Among the entries below, find the lines with the word "name" and copy them.
BEGIN Data extract
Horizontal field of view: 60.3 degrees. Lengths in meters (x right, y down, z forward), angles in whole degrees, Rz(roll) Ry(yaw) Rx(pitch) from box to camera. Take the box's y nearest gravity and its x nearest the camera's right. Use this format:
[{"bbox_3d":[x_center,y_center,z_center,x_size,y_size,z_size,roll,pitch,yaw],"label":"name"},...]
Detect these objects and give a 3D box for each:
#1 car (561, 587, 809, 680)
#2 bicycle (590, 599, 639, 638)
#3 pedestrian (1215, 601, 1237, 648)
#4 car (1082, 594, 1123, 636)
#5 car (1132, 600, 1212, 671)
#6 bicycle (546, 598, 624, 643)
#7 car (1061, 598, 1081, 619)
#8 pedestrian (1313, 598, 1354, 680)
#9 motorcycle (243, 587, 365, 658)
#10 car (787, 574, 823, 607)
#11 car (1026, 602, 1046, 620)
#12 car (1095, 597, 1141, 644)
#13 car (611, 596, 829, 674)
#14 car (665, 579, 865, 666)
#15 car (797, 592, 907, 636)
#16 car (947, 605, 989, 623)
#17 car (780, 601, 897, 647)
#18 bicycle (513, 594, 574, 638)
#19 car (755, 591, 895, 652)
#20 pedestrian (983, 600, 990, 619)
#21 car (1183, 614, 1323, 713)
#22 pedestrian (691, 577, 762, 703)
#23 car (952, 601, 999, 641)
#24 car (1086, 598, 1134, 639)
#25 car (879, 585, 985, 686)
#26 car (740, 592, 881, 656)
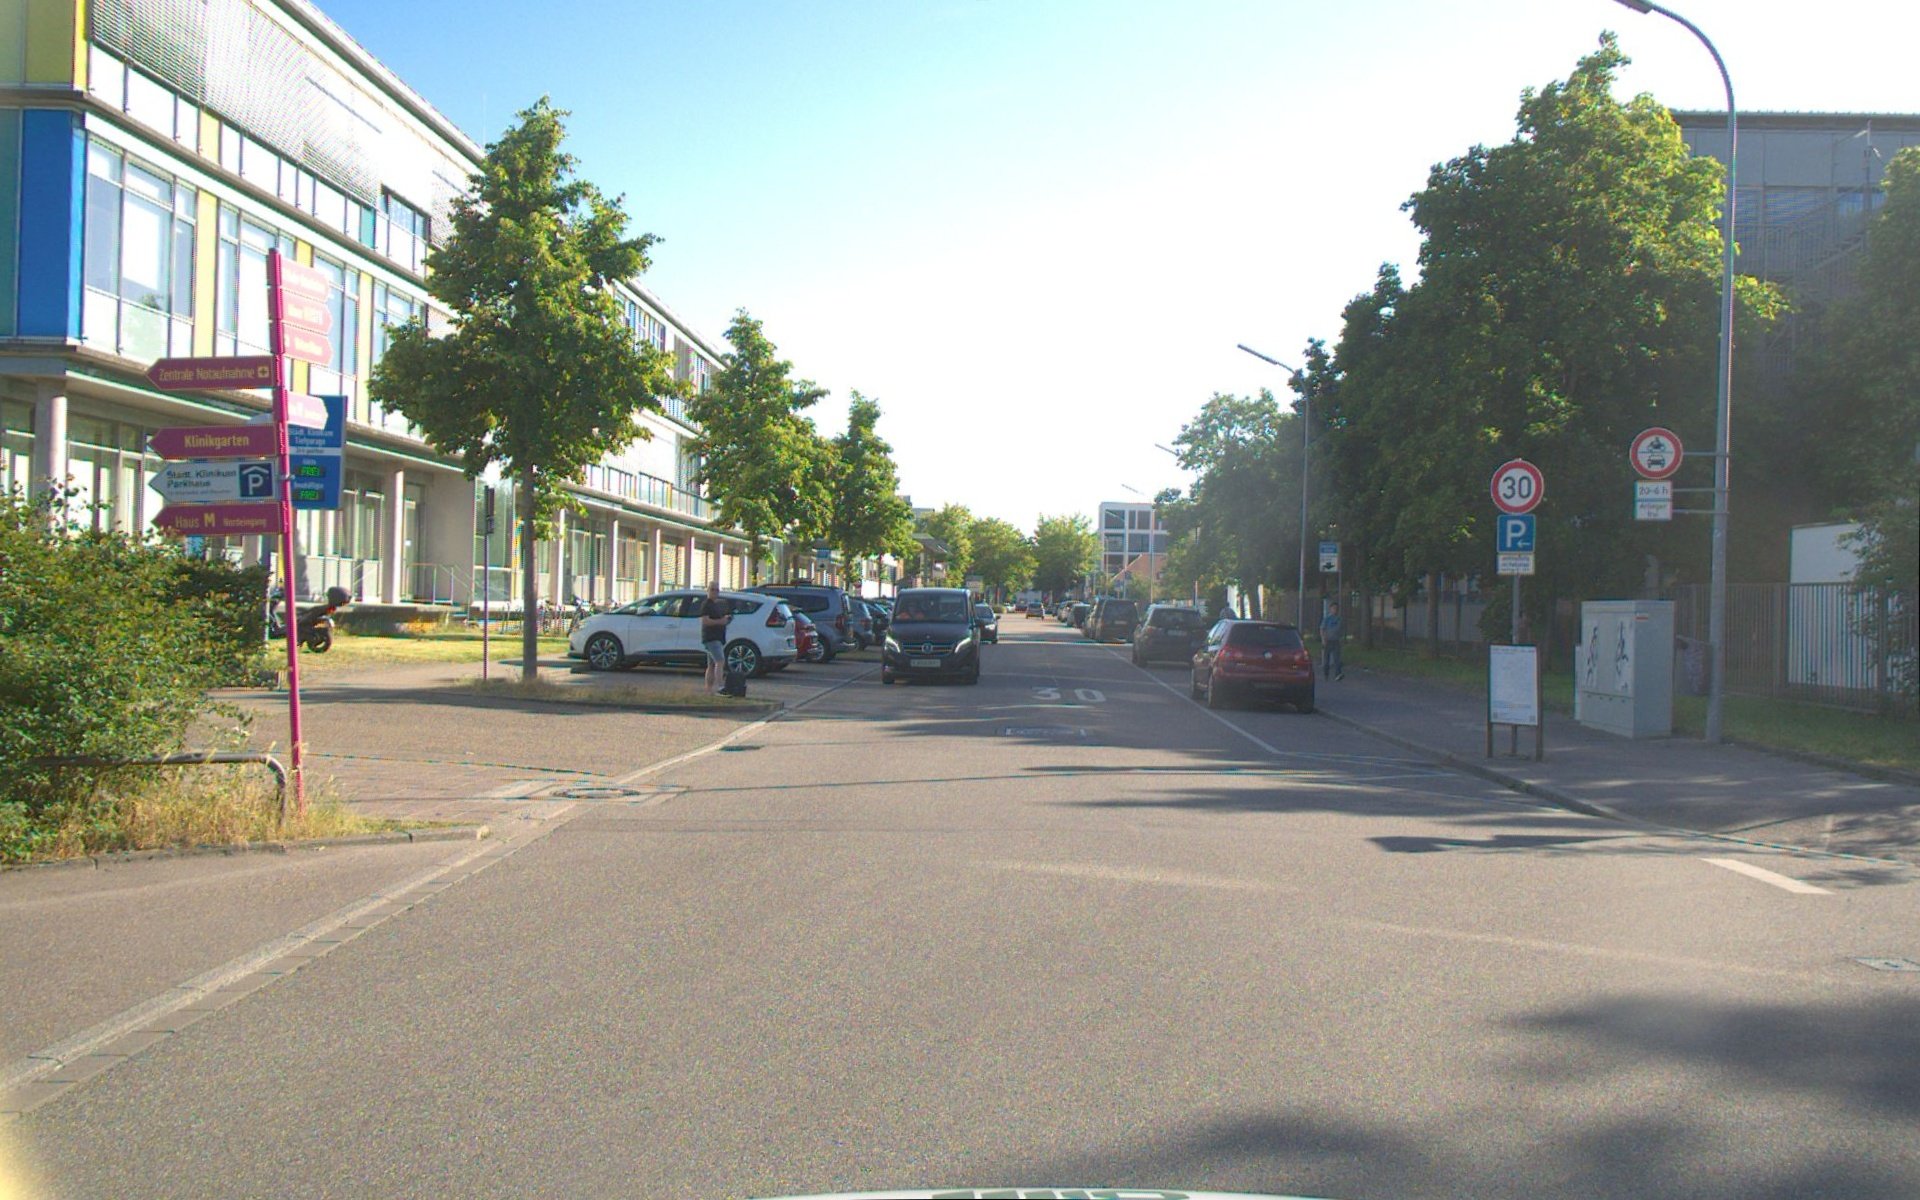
[{"bbox_3d":[-5.457,0.655,33.103,4.514,1.680,1.869,2,-1,6],"label":"car"},{"bbox_3d":[-10.464,0.551,50.199,0.873,1.131,1.891,3,1,6],"label":"bicycle"},{"bbox_3d":[9.758,0.901,60.688,0.684,1.690,0.752,-1,0,2],"label":"pedestrian"},{"bbox_3d":[7.077,0.737,82.293,1.835,2.013,4.001,0,0,2],"label":"car"},{"bbox_3d":[5.686,0.908,44.857,1.774,1.695,4.594,3,1,3],"label":"car"},{"bbox_3d":[-10.506,0.575,46.407,0.851,1.173,2.372,3,-1,23],"label":"bicycle"},{"bbox_3d":[8.777,0.678,130.912,1.406,1.588,3.043,1,0,2],"label":"car"},{"bbox_3d":[8.294,0.860,36.765,0.702,1.789,0.885,-1,0,3],"label":"pedestrian"},{"bbox_3d":[-12.119,0.413,30.580,2.001,1.169,0.499,4,0,0],"label":"motorcycle"},{"bbox_3d":[-10.586,-0.619,113.194,1.952,2.049,4.001,1,-1,2],"label":"car"},{"bbox_3d":[6.939,0.979,150.904,1.707,1.570,4.001,2,0,2],"label":"car"},{"bbox_3d":[6.638,0.845,69.808,1.697,1.862,3.906,1,0,3],"label":"car"},{"bbox_3d":[-5.138,0.743,35.727,4.341,1.527,1.828,2,-1,2],"label":"car"},{"bbox_3d":[-4.816,0.535,41.369,4.644,1.897,1.828,3,0,2],"label":"car"},{"bbox_3d":[-4.149,0.531,64.115,4.129,1.487,1.871,3,0,-2],"label":"car"},{"bbox_3d":[0.778,1.358,157.633,3.904,1.546,2.000,2,-1,2],"label":"car"},{"bbox_3d":[-4.159,0.808,57.145,3.906,1.382,1.742,3,0,-2],"label":"car"},{"bbox_3d":[-11.826,0.468,47.043,0.850,1.173,1.994,3,-1,12],"label":"bicycle"},{"bbox_3d":[-4.136,0.660,51.302,4.161,1.640,2.047,3,0,-2],"label":"car"},{"bbox_3d":[2.326,0.853,146.037,0.606,1.652,0.716,0,0,2],"label":"pedestrian"},{"bbox_3d":[5.010,1.033,28.825,1.684,1.480,4.653,2,0,2],"label":"car"},{"bbox_3d":[-3.611,0.608,25.663,0.840,1.874,0.826,3,0,4],"label":"pedestrian"},{"bbox_3d":[0.632,0.785,63.322,1.668,1.476,4.087,0,0,2],"label":"car"},{"bbox_3d":[6.877,0.823,76.046,1.952,1.855,4.199,0,0,2],"label":"car"},{"bbox_3d":[-0.493,0.684,34.268,1.914,1.900,5.256,0,0,2],"label":"car"},{"bbox_3d":[-4.325,0.689,48.351,3.906,1.635,1.871,3,0,-2],"label":"car"}]
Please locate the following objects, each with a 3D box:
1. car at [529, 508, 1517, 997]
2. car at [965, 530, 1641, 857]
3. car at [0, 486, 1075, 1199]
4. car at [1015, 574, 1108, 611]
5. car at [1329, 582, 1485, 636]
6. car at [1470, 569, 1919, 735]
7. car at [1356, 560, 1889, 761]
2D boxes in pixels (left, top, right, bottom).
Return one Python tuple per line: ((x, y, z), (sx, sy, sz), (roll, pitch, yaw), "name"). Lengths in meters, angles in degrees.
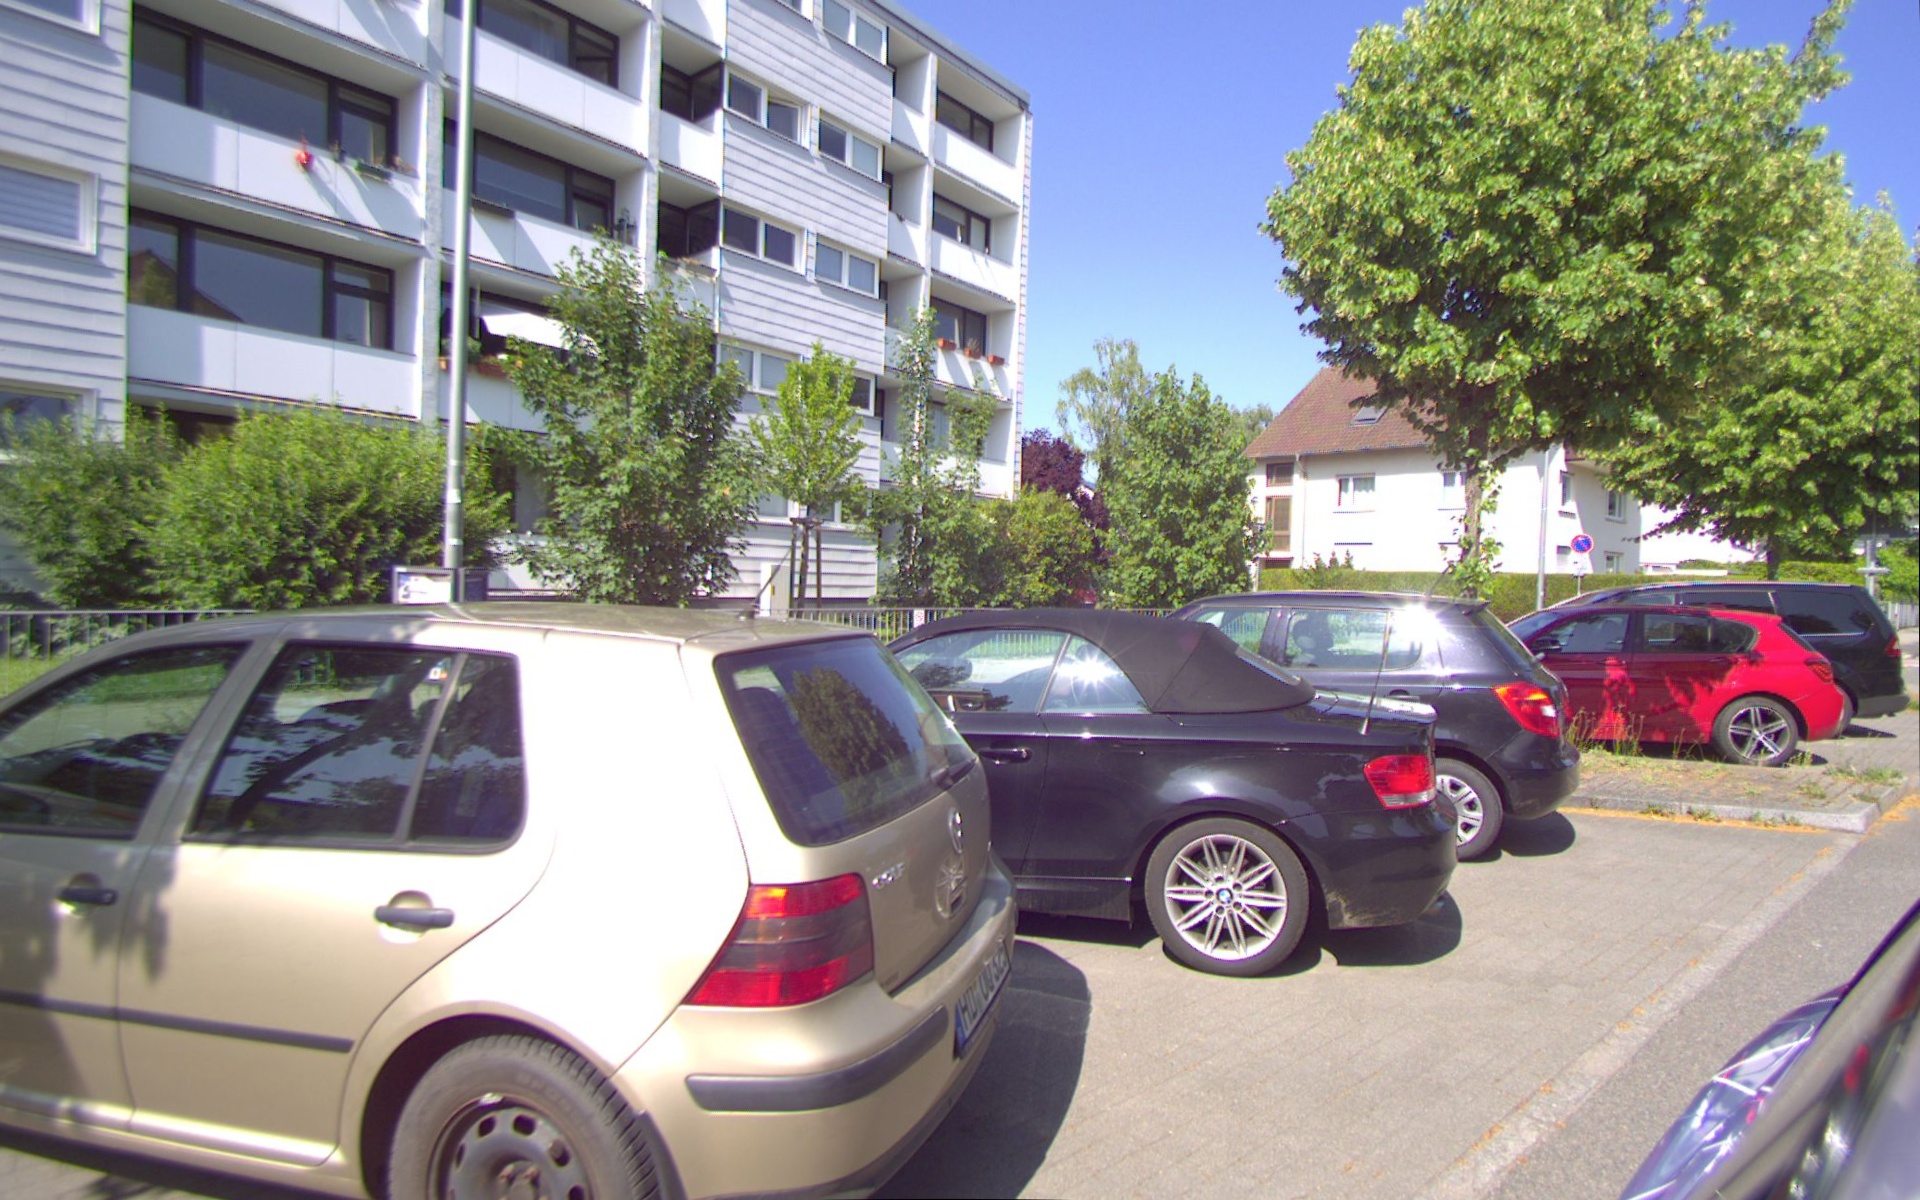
END Data extract
Task output ▸
[{"bbox_3d":[x_center,y_center,z_center,x_size,y_size,z_size,roll,pitch,yaw],"label":"name"},...]
Return one Python tuple per line: ((x, y, z), (sx, sy, sz), (roll, pitch, yaw), "name"). Lengths in meters, angles in degrees.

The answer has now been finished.